Example PR: **Add OCRBench** ([#91](https://github.com/open-compass/VLMEvalKit/pull/91/files))
Example PR: **Math-Vision Benchmark** ([#292](https://github.com/open-compass/VLMEvalKit/pull/292/files))

Currently, we organize a benchmark as one single TSV file. During inference, the data file will be automatically downloaded to `$LMUData` (default path is `$HOME/LMUData`, if not set explicitly). All existing benchmark TSV files are handled by `TSVDataset` implemented in `vlmeval/utils/dataset_config.py`.
In VLMEvalKit, benchmarks are organized as dataset classes.
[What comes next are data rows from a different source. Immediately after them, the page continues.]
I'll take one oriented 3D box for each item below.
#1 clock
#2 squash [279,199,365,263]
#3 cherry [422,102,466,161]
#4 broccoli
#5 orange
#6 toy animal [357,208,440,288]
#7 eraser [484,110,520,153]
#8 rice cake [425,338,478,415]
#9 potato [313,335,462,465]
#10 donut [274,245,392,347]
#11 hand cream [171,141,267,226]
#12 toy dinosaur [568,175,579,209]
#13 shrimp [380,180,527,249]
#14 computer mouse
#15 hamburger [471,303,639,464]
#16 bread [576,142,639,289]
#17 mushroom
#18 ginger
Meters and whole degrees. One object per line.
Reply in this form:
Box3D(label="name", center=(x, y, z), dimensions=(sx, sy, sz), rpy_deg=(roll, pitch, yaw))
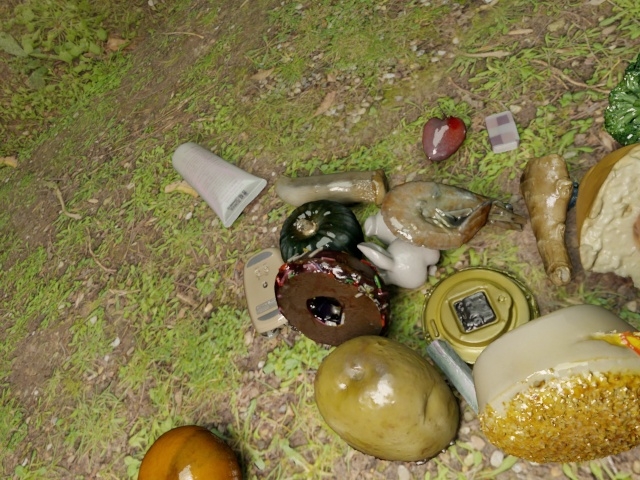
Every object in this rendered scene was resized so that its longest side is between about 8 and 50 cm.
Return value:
Box3D(label="clock", center=(0.313, 0.150, 0.897), dimensions=(0.237, 0.057, 0.237), rpy_deg=(-14, 56, 22))
Box3D(label="squash", center=(0.003, 0.002, 1.075), dimensions=(0.218, 0.172, 0.218), rpy_deg=(-5, 40, 4))
Box3D(label="cherry", center=(0.304, -0.260, 1.124), dimensions=(0.106, 0.087, 0.126), rpy_deg=(39, 103, 32))
Box3D(label="broccoli", center=(0.689, -0.252, 0.835), dimensions=(0.262, 0.241, 0.269), rpy_deg=(15, 99, 14))
Box3D(label="orange", center=(-0.268, 0.506, 0.925), dimensions=(0.240, 0.171, 0.240), rpy_deg=(-13, 67, 33))
Box3D(label="toy animal", center=(0.170, 0.009, 0.989), dimensions=(0.179, 0.127, 0.193), rpy_deg=(14, 55, 2))
Box3D(label="eraser", center=(0.443, -0.265, 1.090), dimensions=(0.065, 0.026, 0.105), rpy_deg=(-11, 58, 19))
Box3D(label="rice cake", center=(0.276, 0.273, 0.831), dimensions=(0.211, 0.034, 0.043), rpy_deg=(53, 131, 29))
Box3D(label="potato", center=(0.107, 0.280, 0.835), dimensions=(0.286, 0.242, 0.242), rpy_deg=(20, 73, 38))
Box3D(label="donut", center=(0.026, 0.123, 0.950), dimensions=(0.270, 0.269, 0.103), rpy_deg=(-4, 37, 26))
Box3D(label="hand cream", center=(-0.337, -0.196, 1.428), dimensions=(0.359, 0.118, 0.185), rpy_deg=(37, 81, 30))
Box3D(label="toy dinosaur", center=(0.536, -0.094, 0.936), dimensions=(0.047, 0.030, 0.083), rpy_deg=(-14, 57, 23))
Box3D(label="shrimp", center=(0.282, -0.043, 0.932), dimensions=(0.317, 0.077, 0.168), rpy_deg=(8, 61, -1))
Box3D(label="computer mouse", center=(-0.120, 0.127, 1.125), dimensions=(0.145, 0.082, 0.236), rpy_deg=(-28, 55, 10))
Box3D(label="hamburger", center=(0.380, 0.231, 0.677), dimensions=(0.294, 0.276, 0.179), rpy_deg=(-30, 41, 15))
Box3D(label="bread", center=(0.567, -0.058, 0.772), dimensions=(0.184, 0.211, 0.224), rpy_deg=(19, 64, 13))
Box3D(label="mushroom", center=(0.019, -0.140, 1.207), dimensions=(0.351, 0.095, 0.122), rpy_deg=(5, 45, 29))
Box3D(label="ginger", center=(0.462, -0.045, 0.891), dimensions=(0.086, 0.131, 0.294), rpy_deg=(8, 62, -8))

When you try to implement a new benchmark, you can either reuse existing dataset classes (*e.g.*, You can reuse `ImageMCQDataset` when implementing a new multi-choice benchmark), or support a new dataset class. Each dataset must have the following two member functions (either reuse the one of the parent class or implement your own):

- `build_prompt(self, line)`: The function input `line` is an integer (the sample index) or a `pd.Series` object (the raw record of the sample). The function outputs a `multi-modal message`, serving as the input of an MLLM. The `multi-modal message` is an interleaved list of multi-modal messages adopting the following format (the example includes an image and a text message): `[dict(type='image', value=IMAGE_PTH), dict(type='text', value=prompt)]`.
- `evaluate(self, eval_file, **judge_kwargs)`: The function input `eval_file` is the MLLM prediction (typically in `.xlsx` format). If the benchmark requires an external LLM (typically GPT) for evaluation, then `judge_kwargs` can pass the arguments for the LLM. The function outputs the benchmark evaluation results (metrics) in the form of `dict` or `pd.DataFrame`.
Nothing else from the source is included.